Григорий дотащился до двери, обнял в ответ Хосе, ужаснулся кисло-кошачьей атмосфере в доме, увидел в глубине зала источник этого чудовищного запаха: газовый гриль с сорокалитровым алюминиевым бидоном на огне. В таких емкостях советские совхозы отправляли на базы свежее молоко. Как этот артефакт оказался в Перу? И как на горе нарисовались БТР-2? Три стены на первом этаже дома были уставлены аквариумами, как в зоомагазине. Они булькали хором и создавали довольно ощутимый шум, почти как при вчерашнем психоделическом путешествии по ту сторону небосвода, только во много раз тише. И еще - все окна-витрины изнутри были заделаны ржавыми бронеплитами. В доме было темно, светились только тусклые лампочки в аквариумах. Было сыро, жарко и очень тревожно.
-Хосе, я потерял ботинки. Как я спущусь вниз без них? У тебя есть запасная обувь? Ну в смысле есть, конечно, но у вас, индейцев, ножки маленькие, а у меня 45-й размер. И ноги порезаны. Найдешь?
-Не суетись! Твои ботинки вернутся. Не знаю как, но вернутся точно. Тебе повезло, что пошел дождь. Это подарок, ты понравился Им. И сегодня тебя поведут не вверх, а вниз. Там, конечно, все поаскетичнее, строже, но ты узнаешь свои ответы.
-Почему «свои ответы», а не ответы на мои вопросы?
-Потому, что ответы каждому принадлежат только ему. А вопросы задаешь не ты. Они сами спрашивают и отвечают. Мы помогаем им. Ну типа как КПП на границе миров. Иногда тут, иногда там. Потому что рано или поздно все окажемся не здесь, тогда будет сложно проводить сеансы связи. Короче, мои слова - пустая трата времени. Ты ведь уже не такой, как был вчера, твои способности понимать уже выше, чем у мула. Но пока ниже, чем у нашей анаконды. Хочешь на нее посмотреть? Пойдем!

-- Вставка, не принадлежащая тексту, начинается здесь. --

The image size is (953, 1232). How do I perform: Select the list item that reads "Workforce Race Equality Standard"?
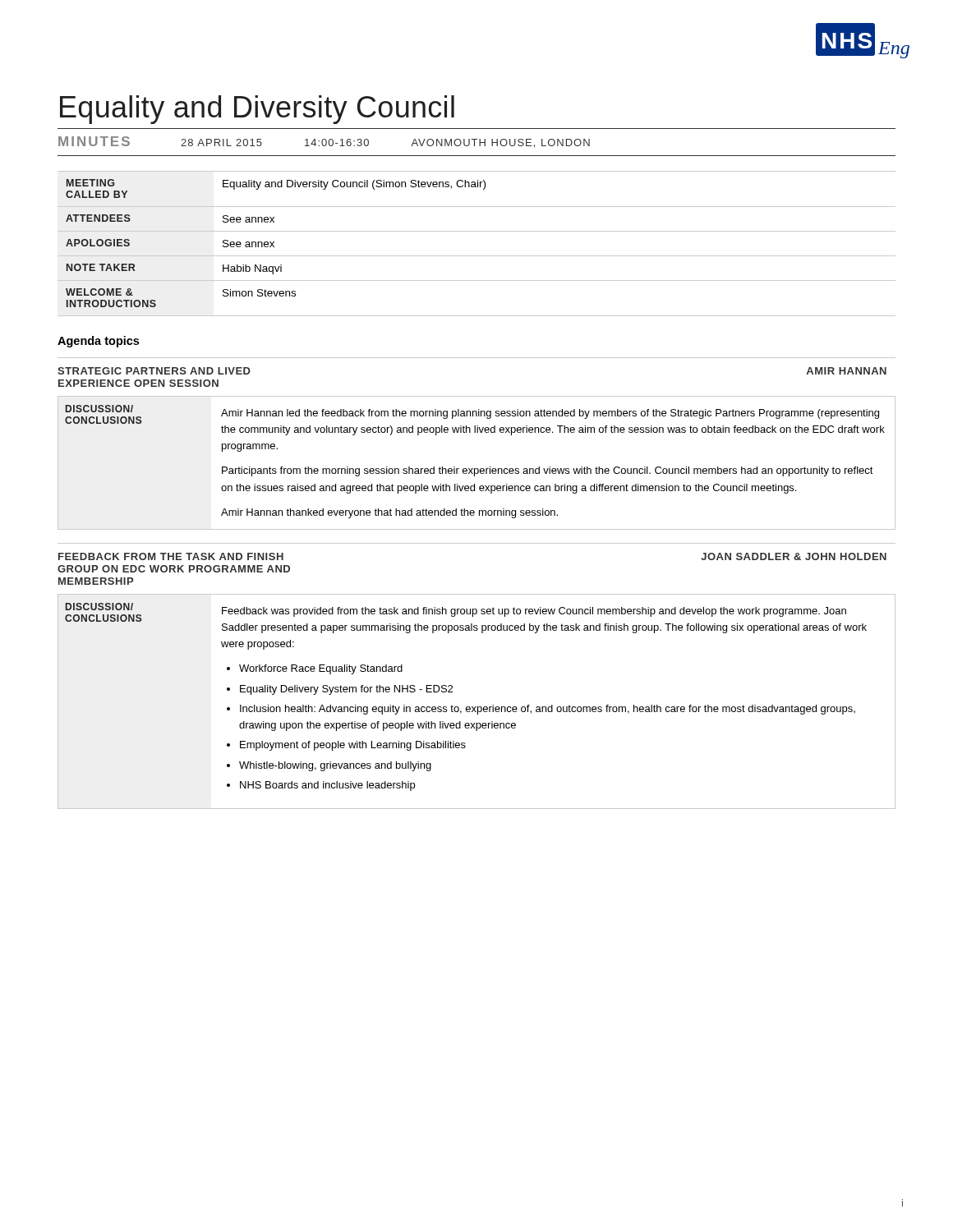tap(321, 668)

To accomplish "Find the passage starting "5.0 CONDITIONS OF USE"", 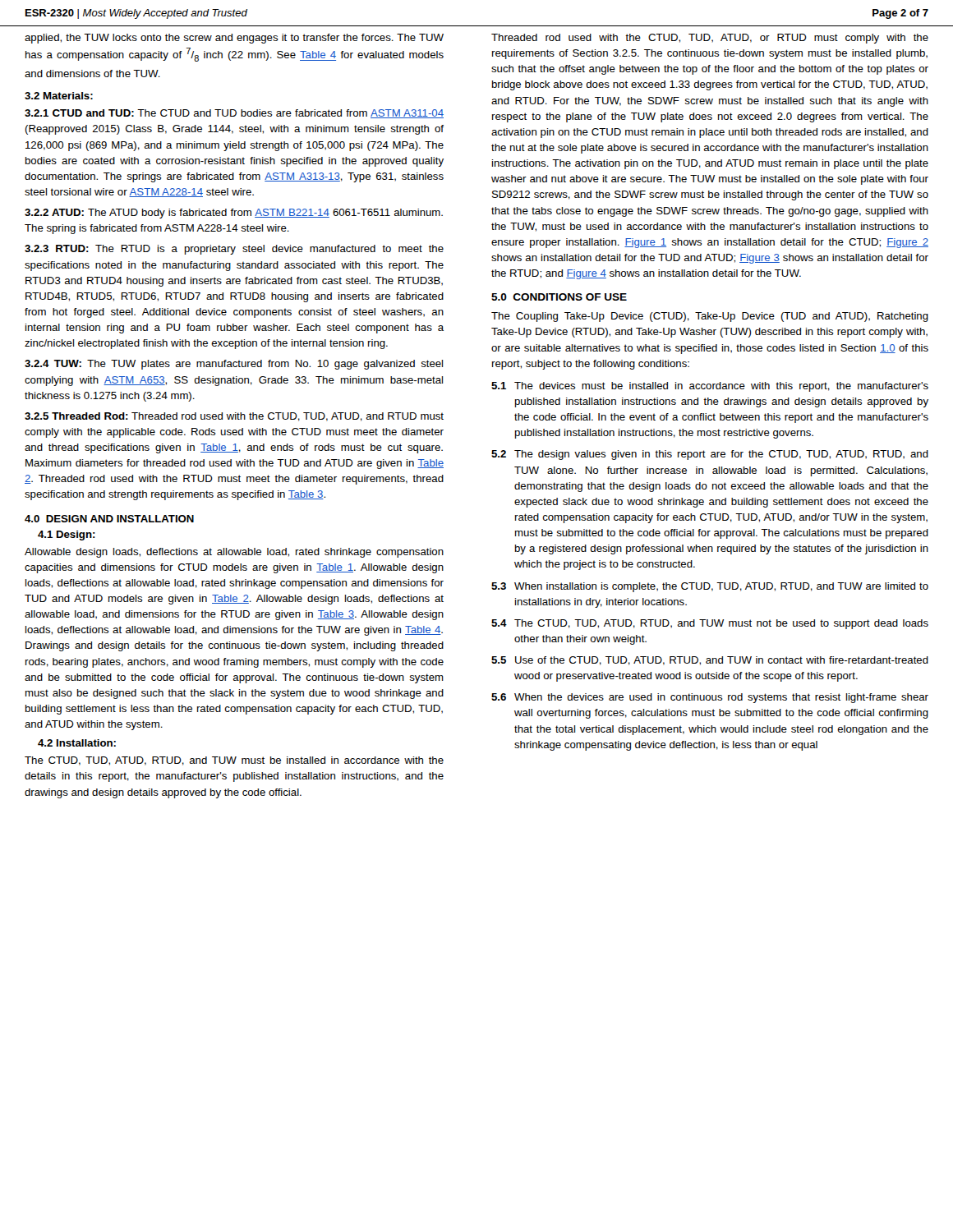I will 559,297.

Хосе подтолкнул Григория за локоть, направив его вглубь зала. За бамбуковой перегородкой был квадратный бассейн размером с могилу - примерно метра два в ширину и три в длину. Там в мутной луже поблескивала чешуей огромная змеюка. Гришу поразила не столько ее длина, в ней было метров десять, а может и больше, сколько толщина: она была как газовый баллон на даче родителей. И у нее было две головы. Одна большая, другая, вырастающая из плоского широкого лба поменьше. Причем основная голова была явно не функциональна: вместо глаз из-под век виднелись два кровавых пузыря, а пасть представляла собой розовую щель, из которой сочилась мутная слизь. Зато верхняя голова выглядела бодро: она стояла на своей шее, лишенной чешуи, у нее был крохотный ротик, расположенный вертикально и маленькие глазки-икринки. Вторая голова рыскала, изгибалась и пыталась проникнуть в основную, но явно у нее этого не могло получиться: не хватало длины. Она все время бессильно опадала, потом снова напрягалась и продолжала попытки. Большая пасть пыталась помочь ей, раздувая губы, выпячивая их и обнажая ряд мелких, но видимо очень острых зубов.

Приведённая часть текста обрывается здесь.